UC10154 -- Exploring Digital Heritage -- Week 3

Draft, 22 August 2016
This page should be in a useful state, but still needs work before it's finished.

Collections and contexts

Last week I introduced you to some of my bot friends who are taking cultural collections into the spaces where people are and liberating them. That’s one example of how we can explore and discover cultural heritage collections in different contexts.

(Oh, and I think I forgot to mention that @trovenewsbot also has a Tumblr account.)

This week we’re going to start by casting a critical eye over search technologies. It’s the main way we access cultural heritage collections, but is it doing what we think it’s doing? And what alternatives might there be?

Filter bubbles

Let’s start with an exercise:

  • Open up Google and search for ‘unprofessional hairstyles for work’.
  • Look at the image results.
  • Notice anything interesting?

Let’s try that again:

  • This time search for ‘professional hairstyles for work’.
  • Look at the image results.
  • Notice anything different?

This little experiment was widely tweeted recently. You should have seen that the ‘unprofessional’ images were mostly of black women, while the ‘professional’ images were predominantly white women. Does this mean Google is racist? This question was examined in an article by the Guardian, which noted that Google’s search algorithm was just ‘mirroring conversations about “unprofessional hair” biases, not making a ruling’. It was reflecting back our preconceptions. Is this a problem or a feature? Is this how search should work? The article concludes:

These questions get at the very identity of ‘search’ as a digital concept: is its purpose to reflect and reinforce what its users feel, do and believe? Or is it to show us a fuller picture of the world and all things contained in it as they really are?

What do you think?

Search results are now heavily personalised – things like your location, your web browsing history, and your social media activity can affect the results that you see. The effect of this is to create a ‘filter bubble’ which works to limit your view of the world. For an explanation of filter bubbles see this Ted Talk by Eli Pariser.

Seams and edges

You’re probably thinking – Ah, but that’s just Google! Maybe not. While the search technologies used in cultural heritage settings don’t personalise results, they do reflect certain assumptions about the world.

Read these three papers:

Bias and selection can operate at many levels in cultural heritage collections – from decisions about what to keep and what not to keep; to the vocabularies and standards we use to describe collections; and to the configuration of search engines that index that metadata.

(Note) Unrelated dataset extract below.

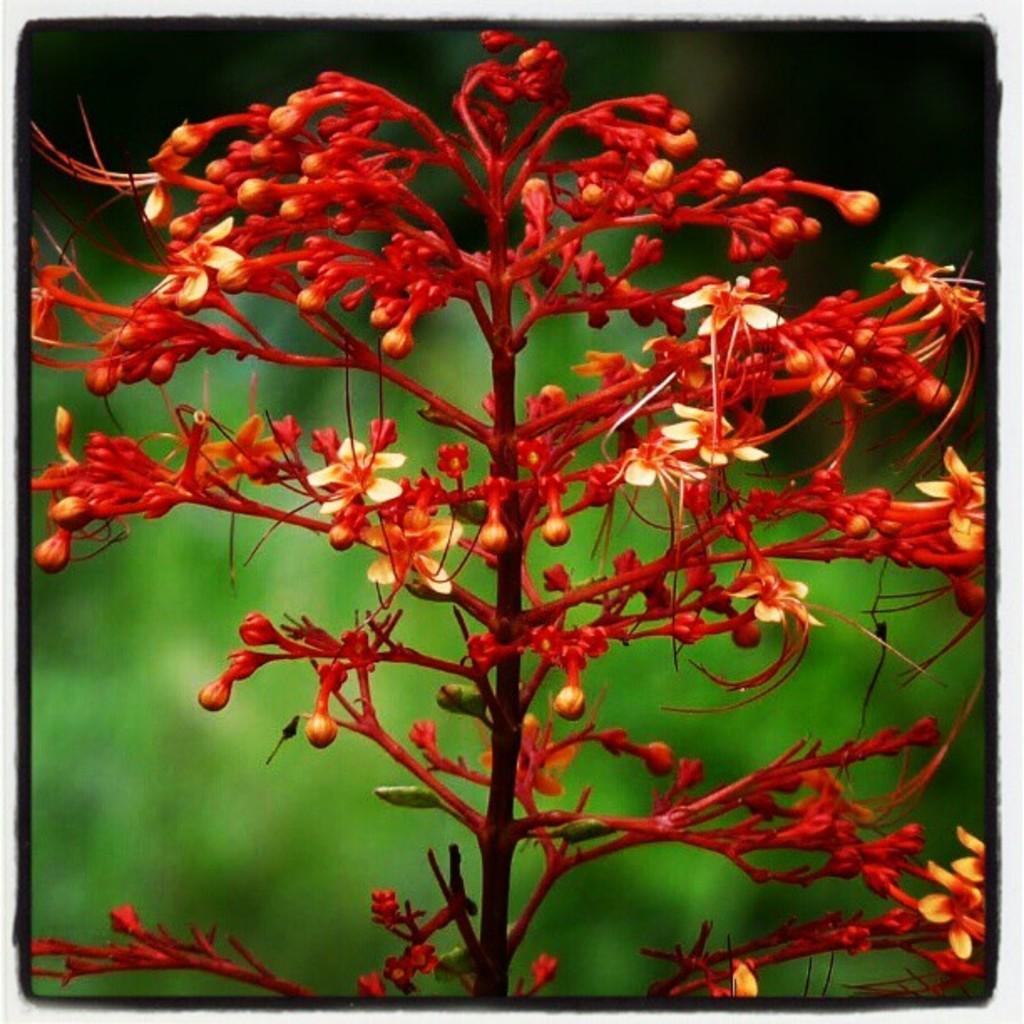Can you describe this image briefly? In this image I can see few flowers in red color and I can see the green color background.

Perhaps your project could explore some of these biases. You might, like Matthew Reidsma, critically analyse a particular search interface for a cultural heritage collection – what does it show, and what does it hide. You might do something like my quick analysis of books by language in Trove – what do our collections say about Australian culture and society?

Generous interfaces

Another problem with search is described by Mitchell Whitelaw in his paper Generous Interfaces for Digital Cultural Collections. Search demands that we make a query, but what if we don’t know anything about the collection? Mitchell explores a number of examples that show how interfaces can be generous in providing ways to explore collections that don’t require a search term.

The examples Mitchell uses are:

Another example is:

Can you find any other examples of ‘generous’ interfaces to cultural heritage collections. Have a look at the online collections of museums and galleries around the world – which ones do you think are ‘generous’ and why?


Another way of exploring cultural heritage collections is through serendipitious discovery – finding things by accident, or at random, and seeing where that takes you. We’ve already met some examples of this: bots tweeting out random collection items; Headline Roulette presenting a random newspaper article. In Technologies of Serendipity, Paul Fyfe describes the potential value of serendipity for researches and cites a number of examples (a few will be familiar!).

For some serendipity in action, try out Serendip-o-matic. Just copy and paste some text, click the button and let the hippo do the rest.

What do see? Where do they come from?


Another way in which our perspective on collections can be skewed is through restrictions on access.

Do you remember QueryPic, my tool to visualise queries in Trove’s digitised newspapers. Have a look again at one of the graphs. Why do you think it ends in 1954? Did newspapers stop publishing? Did nothing interesting happen after 1954?

The answer, as you may suspect, is copyright. I explore this more in Asking better questions: History, Trove and the risks that count:

Why 1954? We’re currently about halfway through the great AUSFTA culture drought. On 1 January 2005, the Australia–US Free Trade Agreement (AUSFTA) extended the standard period of copyright protection from fifty to seventy years and changed the way photographs are treated. We might have to wait until 2025 before Trove’s newspapers can start edging forward, year by year, beyond 1954.

But it’s even more complicated than that, as there’s no certainty that newspaper articles published before 1955 are out of copyright. To be sure, the National Library would have to investigate any named authors to confirm they all died before 1955. That’s simply impossible in a mass digitisation project. Instead the library weighed the copyright risks against the cultural benefit and decided to proceed. If the library had been more cautious, if the risks or uncertainties had seemed too great, Trove would have no digitised newspapers. And we would all be poorer.

These types of judgements are made all the time by cultural organisations wanting to open online access to their collections. Libraries, archives and museums are full of so-called ‘orphan’ works, whose creators cannot be identified or located. There’s no risk-free way of making this content available online.

And to make matters even worse, unpublished manuscripts – like the diaries and letters held by archives and libraries – are in perpetual copyright. Yep - they’re in copyright FOREVER! So legally you can only put them online if you get the permission of the heirs of whoever wrote them in the first place. And that’s not easy.

Last year librarians around Australia showed the absurdity of this by cooking cakes from copyright-bound recipes.

If you’re interested in the complexities and absurdities of Australian copyright law, and particularly how it inhibits activity online, have a look at the Australian Digital Alliance website.

Perhaps your project could explore the impact of copyright on the display of Australian collections online.


Each year the Digital Public Library of America and DigitalNZ hold a competition to promote access to copyright-free or openly-licensed images in their collections. Last year Trove and Europeana joined in as well.

The aim of the competition is to find interesting images and then use them to create animated gifs. Here’s last year’s entries.

The competition site includes a list of open images to explore. You can also use this handy list of Reusable images in Trove.

The competition will be on again this year, so why not get in some practice? DigitalNZ provides a series of tutorials on making animated gifs – have a go and see what you can create. Share the results on Slack. I might even find a prize!